When I trained at Fraiberg’s Child Development Project in the late ‘70s, it was easy to imagine that there was one model of infant parent psychotherapy to be learned and mastered. Training was naturally an integral part of our work since the entire field of infant mental health was a new development. Much has changed in infant mental health training since then, with elements that are encouraging as well as worrisome.
In the early days, many who came into the field had a background in psychodynamic psychotherapy, which was still the predominant therapeutic model. Those who came from a background in child development were grounded in Bowlby’s attachment theory. Bowlby’s notion of “working models” nicely spanned developmental, psychoanalytic and cognitive-behavioral conceptualizations. For the working clinician, however, the upshot of Bowlby’s work was to understand the importance of relationships, for the child, the parent and the therapist. The centrality of relationships in infant mental health has important implications for training and education, particularly as it runs counter to major trends in graduate training and agency practice. The result is that training in infant mental health is even more challenging, as well as essential, than before.
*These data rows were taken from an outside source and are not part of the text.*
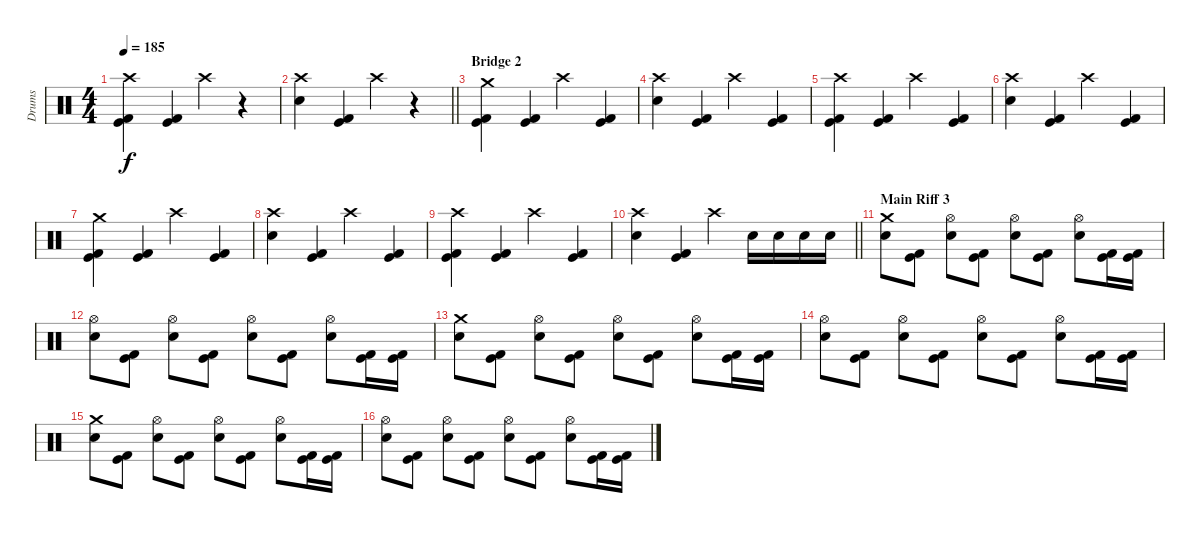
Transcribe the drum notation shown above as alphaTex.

\track ("Drums" "Drums") {instrument percussion}
\staff {score}
\articulation defaults
\ts (4 4)
\tempo 185
\clef neutral
\ks c
("Crash high (hit)" "Kick (hit) 2" "Kick (hit)").4{dy f} ("Kick (hit) 2" "Kick (hit)").4 "Crash high (hit)".4 r.4 |
\barLineRight lightlight
("Crash high (hit)" "Electric Snare (hit)").4 ("Kick (hit) 2" "Kick (hit)").4 "Crash high (hit)".4 r.4 |
\section ("" "Bridge 2")
("Crash medium (hit)" "Kick (hit) 2" "Kick (hit)").4 ("Kick (hit) 2" "Kick (hit)").4 "Crash high (hit)".4 ("Kick (hit) 2" "Kick (hit)").4 |
("Crash high (hit)" "Electric Snare (hit)").4 ("Kick (hit) 2" "Kick (hit)").4 "Crash high (hit)".4 ("Kick (hit) 2" "Kick (hit)").4 |
("Crash high (hit)" "Kick (hit) 2" "Kick (hit)").4 ("Kick (hit) 2" "Kick (hit)").4 "Crash high (hit)".4 ("Kick (hit) 2" "Kick (hit)").4 |
("Crash high (hit)" "Electric Snare (hit)").4 ("Kick (hit) 2" "Kick (hit)").4 "Crash high (hit)".4 ("Kick (hit) 2" "Kick (hit)").4 |
("Crash medium (hit)" "Kick (hit) 2" "Kick (hit)").4 ("Kick (hit) 2" "Kick (hit)").4 "Crash high (hit)".4 ("Kick (hit) 2" "Kick (hit)").4 |
("Crash high (hit)" "Electric Snare (hit)").4 ("Kick (hit) 2" "Kick (hit)").4 "Crash high (hit)".4 ("Kick (hit) 2" "Kick (hit)").4 |
("Crash high (hit)" "Kick (hit) 2" "Kick (hit)").4 ("Kick (hit) 2" "Kick (hit)").4 "Crash high (hit)".4 ("Kick (hit) 2" "Kick (hit)").4 |
\barLineRight lightlight
("Crash high (hit)" "Electric Snare (hit)").4 ("Kick (hit) 2" "Kick (hit)").4 "Crash high (hit)".4 "Electric Snare (hit)".16 "Electric Snare (hit)".16 "Electric Snare (hit)".16 "Electric Snare (hit)".16 |
\section ("" "Main Riff 3")
("Crash medium (hit)" "Electric Snare (hit)").8 ("Kick (hit) 2" "Kick (hit)").8 ("Hi-Hat (open)" "Electric Snare (hit)").8 ("Kick (hit) 2" "Kick (hit)").8 ("Hi-Hat (open)" "Electric Snare (hit)").8 ("Kick (hit) 2" "Kick (hit)").8 ("Hi-Hat (open)" "Electric Snare (hit)").8 ("Kick (hit) 2" "Kick (hit)").16 ("Kick (hit) 2" "Kick (hit)").16 |
("Hi-Hat (open)" "Electric Snare (hit)").8 ("Kick (hit) 2" "Kick (hit)").8 ("Hi-Hat (open)" "Electric Snare (hit)").8 ("Kick (hit) 2" "Kick (hit)").8 ("Hi-Hat (open)" "Electric Snare (hit)").8 ("Kick (hit) 2" "Kick (hit)").8 ("Hi-Hat (open)" "Electric Snare (hit)").8 ("Kick (hit) 2" "Kick (hit)").16 ("Kick (hit) 2" "Kick (hit)").16 |
("Crash medium (hit)" "Electric Snare (hit)").8 ("Kick (hit) 2" "Kick (hit)").8 ("Hi-Hat (open)" "Electric Snare (hit)").8 ("Kick (hit) 2" "Kick (hit)").8 ("Hi-Hat (open)" "Electric Snare (hit)").8 ("Kick (hit) 2" "Kick (hit)").8 ("Hi-Hat (open)" "Electric Snare (hit)").8 ("Kick (hit) 2" "Kick (hit)").16 ("Kick (hit) 2" "Kick (hit)").16 |
("Hi-Hat (open)" "Electric Snare (hit)").8 ("Kick (hit) 2" "Kick (hit)").8 ("Hi-Hat (open)" "Electric Snare (hit)").8 ("Kick (hit) 2" "Kick (hit)").8 ("Hi-Hat (open)" "Electric Snare (hit)").8 ("Kick (hit) 2" "Kick (hit)").8 ("Hi-Hat (open)" "Electric Snare (hit)").8 ("Kick (hit) 2" "Kick (hit)").16 ("Kick (hit) 2" "Kick (hit)").16 |
("Crash medium (hit)" "Electric Snare (hit)").8 ("Kick (hit) 2" "Kick (hit)").8 ("Hi-Hat (open)" "Electric Snare (hit)").8 ("Kick (hit) 2" "Kick (hit)").8 ("Hi-Hat (open)" "Electric Snare (hit)").8 ("Kick (hit) 2" "Kick (hit)").8 ("Hi-Hat (open)" "Electric Snare (hit)").8 ("Kick (hit) 2" "Kick (hit)").16 ("Kick (hit) 2" "Kick (hit)").16 |
("Hi-Hat (open)" "Electric Snare (hit)").8 ("Kick (hit) 2" "Kick (hit)").8 ("Hi-Hat (open)" "Electric Snare (hit)").8 ("Kick (hit) 2" "Kick (hit)").8 ("Hi-Hat (open)" "Electric Snare (hit)").8 ("Kick (hit) 2" "Kick (hit)").8 ("Hi-Hat (open)" "Electric Snare (hit)").8 ("Kick (hit) 2" "Kick (hit)").16 ("Kick (hit) 2" "Kick (hit)").16
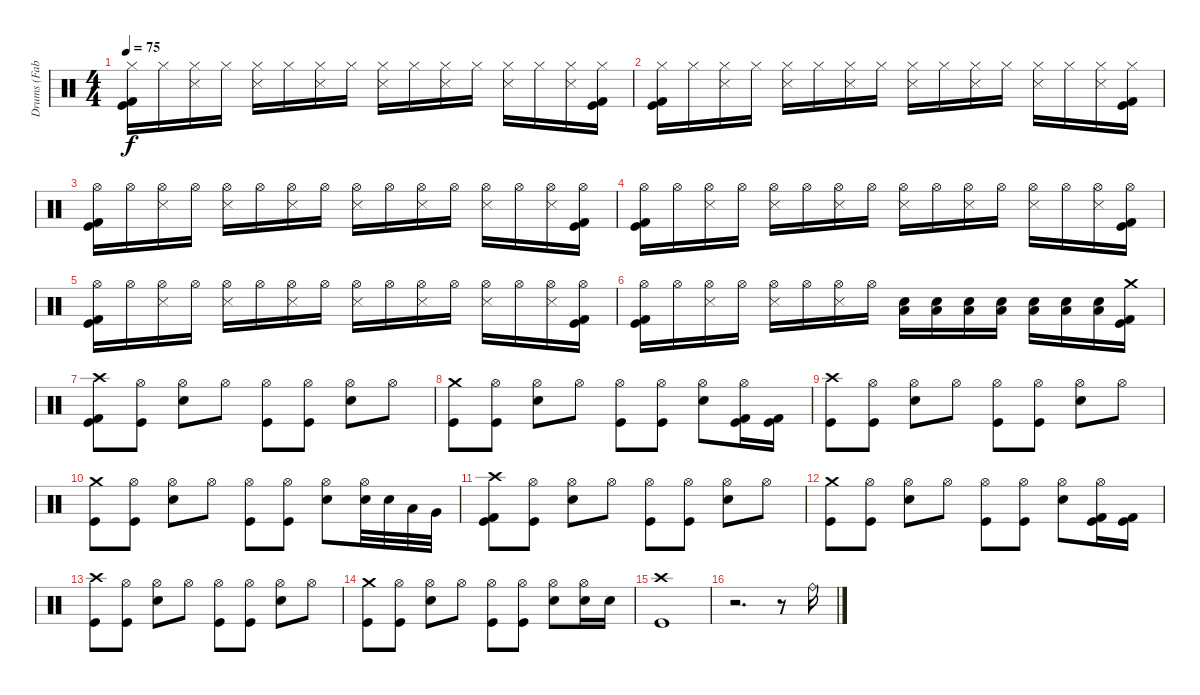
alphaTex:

\track ("Drums (Fabien)" "Drums (Fab") {instrument percussion}
\staff {score}
\articulation defaults
\ts (4 4)
\tempo 75
\clef neutral
\ks c
("Hi-Hat (closed)" "Kick (hit) 2" "Kick (hit)").16{dy f} "Hi-Hat (closed)".16 ("Hi-Hat (closed)" "Snare (side stick) 3").16 "Hi-Hat (closed)".16 ("Hi-Hat (closed)" "Snare (side stick) 3").16 "Hi-Hat (closed)".16 ("Hi-Hat (closed)" "Snare (side stick) 3").16 "Hi-Hat (closed)".16 ("Hi-Hat (closed)" "Snare (side stick) 3").16 "Hi-Hat (closed)".16 ("Hi-Hat (closed)" "Snare (side stick) 3").16 "Hi-Hat (closed)".16 ("Hi-Hat (closed)" "Snare (side stick) 3").16 "Hi-Hat (closed)".16 ("Hi-Hat (closed)" "Snare (side stick) 3").16 ("Hi-Hat (closed)" "Kick (hit) 2" "Kick (hit)").16 |
("Hi-Hat (closed)" "Kick (hit) 2" "Kick (hit)").16 "Hi-Hat (closed)".16 ("Hi-Hat (closed)" "Snare (side stick) 3").16 "Hi-Hat (closed)".16 ("Hi-Hat (closed)" "Snare (side stick) 3").16 "Hi-Hat (closed)".16 ("Hi-Hat (closed)" "Snare (side stick) 3").16 "Hi-Hat (closed)".16 ("Hi-Hat (closed)" "Snare (side stick) 3").16 "Hi-Hat (closed)".16 ("Hi-Hat (closed)" "Snare (side stick) 3").16 "Hi-Hat (closed)".16 ("Hi-Hat (closed)" "Snare (side stick) 3").16 "Hi-Hat (closed)".16 ("Hi-Hat (closed)" "Snare (side stick) 3").16 ("Hi-Hat (closed)" "Kick (hit) 2" "Kick (hit)").16 |
("Hi-Hat (open)" "Kick (hit) 2" "Kick (hit)").16 "Hi-Hat (open)".16 ("Hi-Hat (open)" "Snare (side stick) 3").16 "Hi-Hat (open)".16 ("Hi-Hat (open)" "Snare (side stick) 3").16 "Hi-Hat (open)".16 ("Hi-Hat (open)" "Snare (side stick) 3").16 "Hi-Hat (open)".16 ("Hi-Hat (open)" "Snare (side stick) 3").16 "Hi-Hat (open)".16 ("Hi-Hat (open)" "Snare (side stick) 3").16 "Hi-Hat (open)".16 ("Hi-Hat (open)" "Snare (side stick) 3").16 "Hi-Hat (open)".16 ("Hi-Hat (open)" "Snare (side stick) 3").16 ("Hi-Hat (open)" "Kick (hit) 2" "Kick (hit)").16 |
("Hi-Hat (open)" "Kick (hit) 2" "Kick (hit)").16 "Hi-Hat (open)".16 ("Hi-Hat (open)" "Snare (side stick) 3").16 "Hi-Hat (open)".16 ("Hi-Hat (open)" "Snare (side stick) 3").16 "Hi-Hat (open)".16 ("Hi-Hat (open)" "Snare (side stick) 3").16 "Hi-Hat (open)".16 ("Hi-Hat (open)" "Snare (side stick) 3").16 "Hi-Hat (open)".16 ("Hi-Hat (open)" "Snare (side stick) 3").16 "Hi-Hat (open)".16 ("Hi-Hat (open)" "Snare (side stick) 3").16 "Hi-Hat (open)".16 ("Hi-Hat (open)" "Snare (side stick) 3").16 ("Hi-Hat (open)" "Kick (hit) 2" "Kick (hit)").16 |
("Hi-Hat (open)" "Kick (hit) 2" "Kick (hit)").16 "Hi-Hat (open)".16 ("Hi-Hat (open)" "Snare (side stick) 3").16 "Hi-Hat (open)".16 ("Hi-Hat (open)" "Snare (side stick) 3").16 "Hi-Hat (open)".16 ("Hi-Hat (open)" "Snare (side stick) 3").16 "Hi-Hat (open)".16 ("Hi-Hat (open)" "Snare (side stick) 3").16 "Hi-Hat (open)".16 ("Hi-Hat (open)" "Snare (side stick) 3").16 "Hi-Hat (open)".16 ("Hi-Hat (open)" "Snare (side stick) 3").16 "Hi-Hat (open)".16 ("Hi-Hat (open)" "Snare (side stick) 3").16 ("Hi-Hat (open)" "Kick (hit) 2" "Kick (hit)").16 |
("Hi-Hat (open)" "Kick (hit) 2" "Kick (hit)").16 "Hi-Hat (open)".16 ("Hi-Hat (open)" "Snare (side stick) 3").16 "Hi-Hat (open)".16 ("Hi-Hat (open)" "Snare (side stick) 3").16 "Hi-Hat (open)".16 ("Hi-Hat (open)" "Snare (side stick) 3").16 "Hi-Hat (open)".16 ("Snare (hit) 2" "Low Tom (hit)").16 ("Snare (hit) 2" "Low Tom (hit)").16 ("Snare (hit) 2" "Low Tom (hit)").16 ("Snare (hit) 2" "Low Tom (hit)").16 ("Snare (hit) 2" "Low Tom (hit)").16 ("Snare (hit) 2" "Low Tom (hit)").16 ("Snare (hit) 2" "Low Tom (hit)").16 ("Crash medium (hit)" "Kick (hit) 2" "Kick (hit)").16 |
("Crash high (hit)" "Kick (hit) 2" "Kick (hit)").8 ("Hi-Hat (open)" "Kick (hit)").8 ("Hi-Hat (open)" "Snare (hit) 2").8 "Hi-Hat (open)".8 ("Hi-Hat (open)" "Kick (hit)").8 ("Hi-Hat (open)" "Kick (hit)").8 ("Hi-Hat (open)" "Snare (hit) 2").8 "Hi-Hat (open)".8 |
("Crash medium (hit)" "Kick (hit)").8 ("Hi-Hat (open)" "Kick (hit)").8 ("Hi-Hat (open)" "Snare (hit) 2").8 "Hi-Hat (open)".8 ("Hi-Hat (open)" "Kick (hit)").8 ("Hi-Hat (open)" "Kick (hit)").8 ("Hi-Hat (open)" "Snare (hit) 2").8 ("Hi-Hat (open)" "Kick (hit) 2" "Kick (hit)").16 ("Kick (hit) 2" "Kick (hit)").16 |
("Crash high (hit)" "Kick (hit)").8 ("Hi-Hat (open)" "Kick (hit)").8 ("Hi-Hat (open)" "Snare (hit) 2").8 "Hi-Hat (open)".8 ("Hi-Hat (open)" "Kick (hit)").8 ("Hi-Hat (open)" "Kick (hit)").8 ("Hi-Hat (open)" "Snare (hit) 2").8 "Hi-Hat (open)".8 |
("Crash medium (hit)" "Kick (hit)").8 ("Hi-Hat (open)" "Kick (hit)").8 ("Hi-Hat (open)" "Snare (hit) 2").8 "Hi-Hat (open)".8 ("Hi-Hat (open)" "Kick (hit)").8 ("Hi-Hat (open)" "Kick (hit)").8 ("Hi-Hat (open)" "Snare (hit) 2").8 ("Hi-Hat (open)" "Snare (hit) 2").32 "Snare (hit) 2".32 "Low Tom (hit)".32 "Very Low Tom (hit)".32 |
("Crash high (hit)" "Kick (hit) 2" "Kick (hit)").8 ("Hi-Hat (open)" "Kick (hit)").8 ("Hi-Hat (open)" "Snare (hit) 2").8 "Hi-Hat (open)".8 ("Hi-Hat (open)" "Kick (hit)").8 ("Hi-Hat (open)" "Kick (hit)").8 ("Hi-Hat (open)" "Snare (hit) 2").8 "Hi-Hat (open)".8 |
("Crash medium (hit)" "Kick (hit)").8 ("Hi-Hat (open)" "Kick (hit)").8 ("Hi-Hat (open)" "Snare (hit) 2").8 "Hi-Hat (open)".8 ("Hi-Hat (open)" "Kick (hit)").8 ("Hi-Hat (open)" "Kick (hit)").8 ("Hi-Hat (open)" "Snare (hit) 2").8 ("Hi-Hat (open)" "Kick (hit) 2" "Kick (hit)").16 ("Kick (hit) 2" "Kick (hit)").16 |
("Crash high (hit)" "Kick (hit)").8 ("Hi-Hat (open)" "Kick (hit)").8 ("Hi-Hat (open)" "Snare (hit) 2").8 "Hi-Hat (open)".8 ("Hi-Hat (open)" "Kick (hit)").8 ("Hi-Hat (open)" "Kick (hit)").8 ("Hi-Hat (open)" "Snare (hit) 2").8 "Hi-Hat (open)".8 |
("Crash medium (hit)" "Kick (hit)").8 ("Hi-Hat (open)" "Kick (hit)").8 ("Hi-Hat (open)" "Snare (hit) 2").8 "Hi-Hat (open)".8 ("Hi-Hat (open)" "Kick (hit)").8 ("Hi-Hat (open)" "Kick (hit)").8 ("Hi-Hat (open)" "Snare (hit) 2").8 ("Hi-Hat (open)" "Snare (hit) 2").16 "Snare (hit) 2".16 |
("Crash high (hit)" "Kick (hit)").1 |
r.2{d} r.8 "Ride (bell)".16

There are encouraging trends for infant mental health training. Intellectually, attachment theory is more developed, validated, and diversified than before. With the current work on disorganized attachment, the Adult Attachment Interview, and conceptualizations of attachment disorders in young children, the theory describes parents and children much more like those seen in infant mental health programs. There is a much greater understanding of the role of trauma in the development of both baby and parent. Additionally, newer therapeutic approaches can contribute useful pieces to infant-parent psychotherapy, but they must be adapted to our goal of changing and strengthening infant-parent relationships.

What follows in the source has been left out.